One of the requests that we've had for an addition to the functionality of iRules is a way to delay the execution of code. Basically, a timer. People want to be able to count the number of new connections with a given time period, they want to know if an application hasn't responded within x seconds, etc. In BIG-IP v10 these requests did not go unheard, and the new after command was added.

The after command already existed in the core TCL code, so we decided not write a completely custom command. Rather, we brought the after command into the iRules world, with the needed tweaks, testing and expansion to make it work the way we wanted it to. This type of functionality was seen as valuable enough to warrant the change, and I'm glad to see it make it into the product. People, myself included, were working around the lack of this functionality with loops and a repeated diffing of the start time of the loop and the current time. While functionally similar, this had many drawbacks. The largest of which is that it holds up processing and traffic passing until the loop completes. This is very, very bad. Thankfully the after command doesn't have the same problem. Let's look at the new command and what it can do.

First, a little bit about the command and how it was implemented. As I already said, we're using the "after" command straight out of TCL, so no new command name to learn for you TCLers. The after command runs in the context of the event that it was executed in, and maintains the variable scope of that context. This means that if you execute a script via after from with HTTP_REQUEST, you can use things HTTP::uri inside it safely. The context will remain the same. It also means that variables will carry over, which is a good thing.

Another good thing to note, which was an initial concern of mine when hearing that this was in the works, is that scripts scheduled to evaluate after a connection is aborted/closed are automatically cancelled. I was very glad to hear we wouldn't have to worry about managing and cancelling these scheduled scripts ourselves. The last thing I want is to have an after spin up on every new request only to leave a trail of things to be executed filling up the memory and processing once that connection is closed.

The other change worth noting is the -periodic option that's been added. This is to fulfill the: "I want to update a counter every x seconds" kind of case. We've seen these requests come in, and there are some very valid reasons for them in some cases. This new flag allows you to do just that. It can also do some pretty outstanding things if you bend it to your will just right. It certainly makes for some new posibilities, and in a much more performant manner than the previous loop and diff method.

Here's a look at the syntax for the command, which you can also find in the iRules wiki, here:

after <ms>
Delays evaluation of the current script for milliseconds. Known as an inline after. Think of this like a sleep statement or similar.

after <ms> [-periodic] <script>
Schedules <script> for evaluation after <ms> milliseconds. Optionally continuously repeats the evaluation
every <ms> milliseconds if –periodic is specified. Returns an identifier that can be used with cancel or info.

after cancel <id> …
Cancels the scheduled evaluation of a script identified by <id>.

after info [<id> …]
Returns information about currently scheduled scripts, or about a specific <id>.

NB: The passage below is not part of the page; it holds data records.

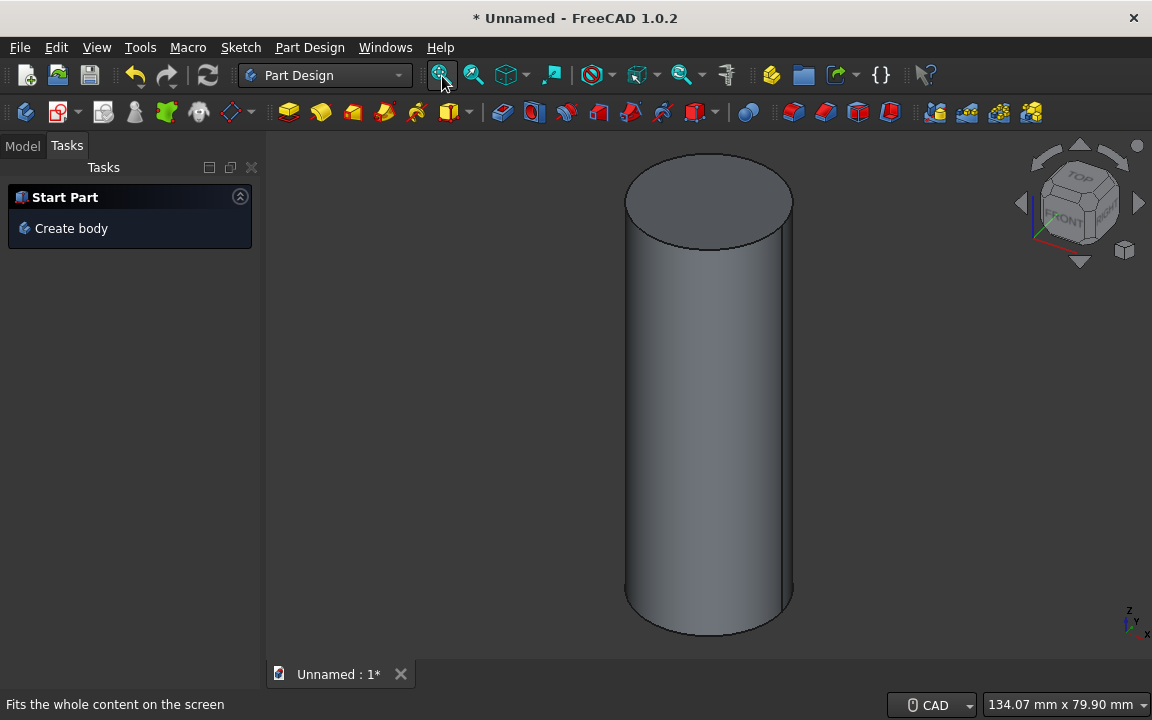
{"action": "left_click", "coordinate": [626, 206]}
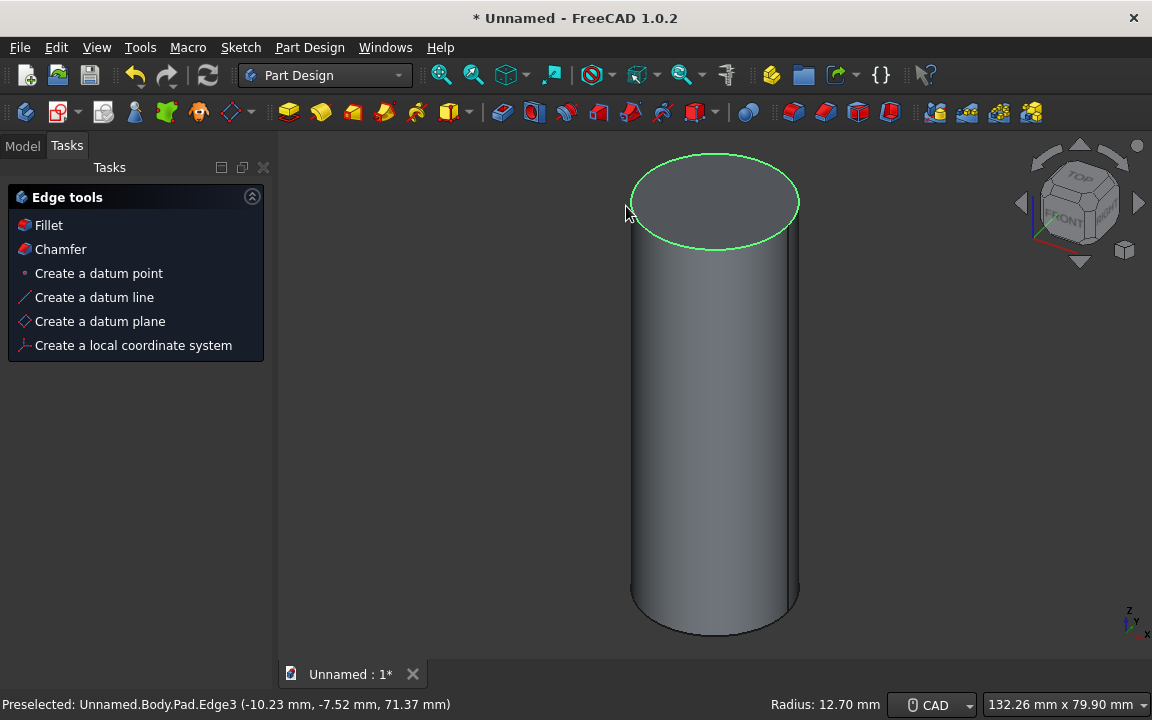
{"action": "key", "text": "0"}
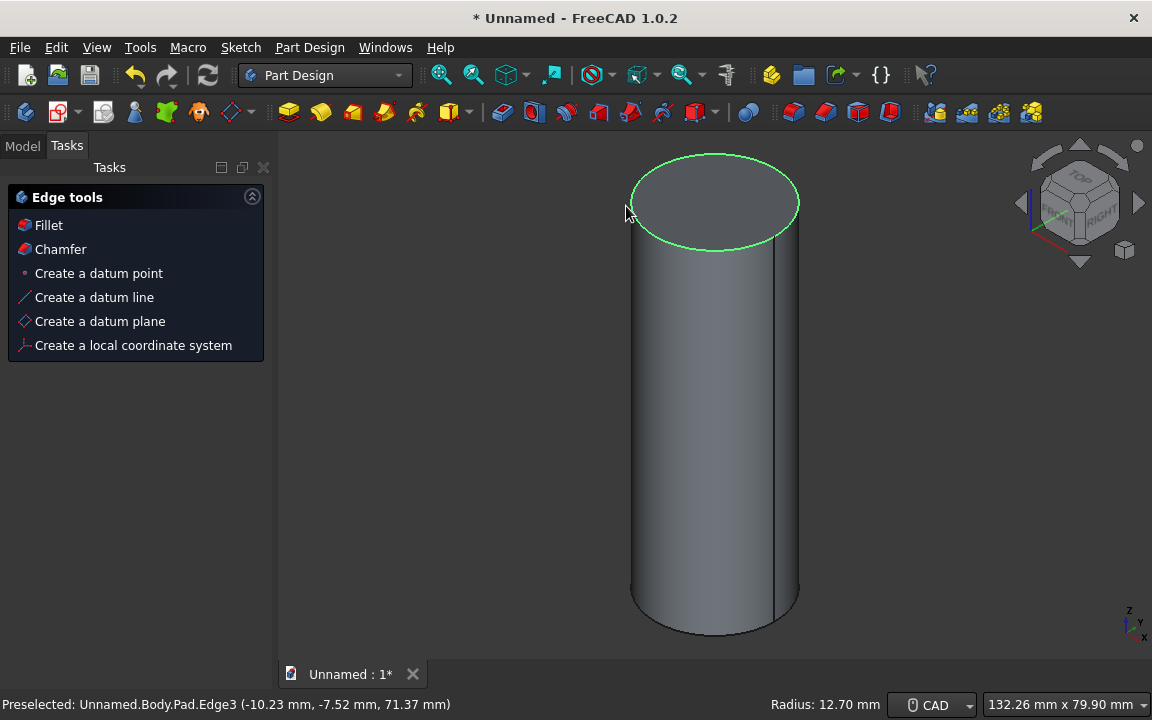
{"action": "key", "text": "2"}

As you can see, the command is pretty straight-forward. It's about what you'd expect given the functionality, which is just as it should be. It's easy to use and extremely handy. That's a great thing to be able to say about a new command. There are plenty of ways in which you can make use of after in your iRules.

  • Detecting the lack of an application response.
  • Conducting cleanup on global variables or arrays.
  • Timing out a “client” or “user”.
  • Calculating any kind of rate.
  • Aggregating or averaging based on time.
  • Scheduling events or changed behavior on a daily or other recurring basis.

This command can make new code possible, and old code better, in some cases at least. Here's an updated version of an old-but-great iRule for connection limiting. Before it was written to disallow more than 1000 connections to be open from a given IP address. Now, with the after command, I can make an easy change to make it so that I'm now limiting a given IP to 120 connections per minute, rather than just 1000 total concurrent. This is not only a better limiting solution in most cases, but it helps do away with concerns of stale connections counting against new users, too. A very handy update thanks to the shiny new after command.

when RULE_INIT {
  array set connections { }
  after 60000 -periodic {
    array set connections { }
  if { [info exists ::connections([IP::client_addr])] } {
    if { [incr ::connections([IP::client_addr])] > 120 } {
  } else {
    set ::connections([IP::client_addr]) 1
  if { [incr ::connections([IP::client_addr]) -1] <= 0 } {
    unset ::connections([IP::client_addr])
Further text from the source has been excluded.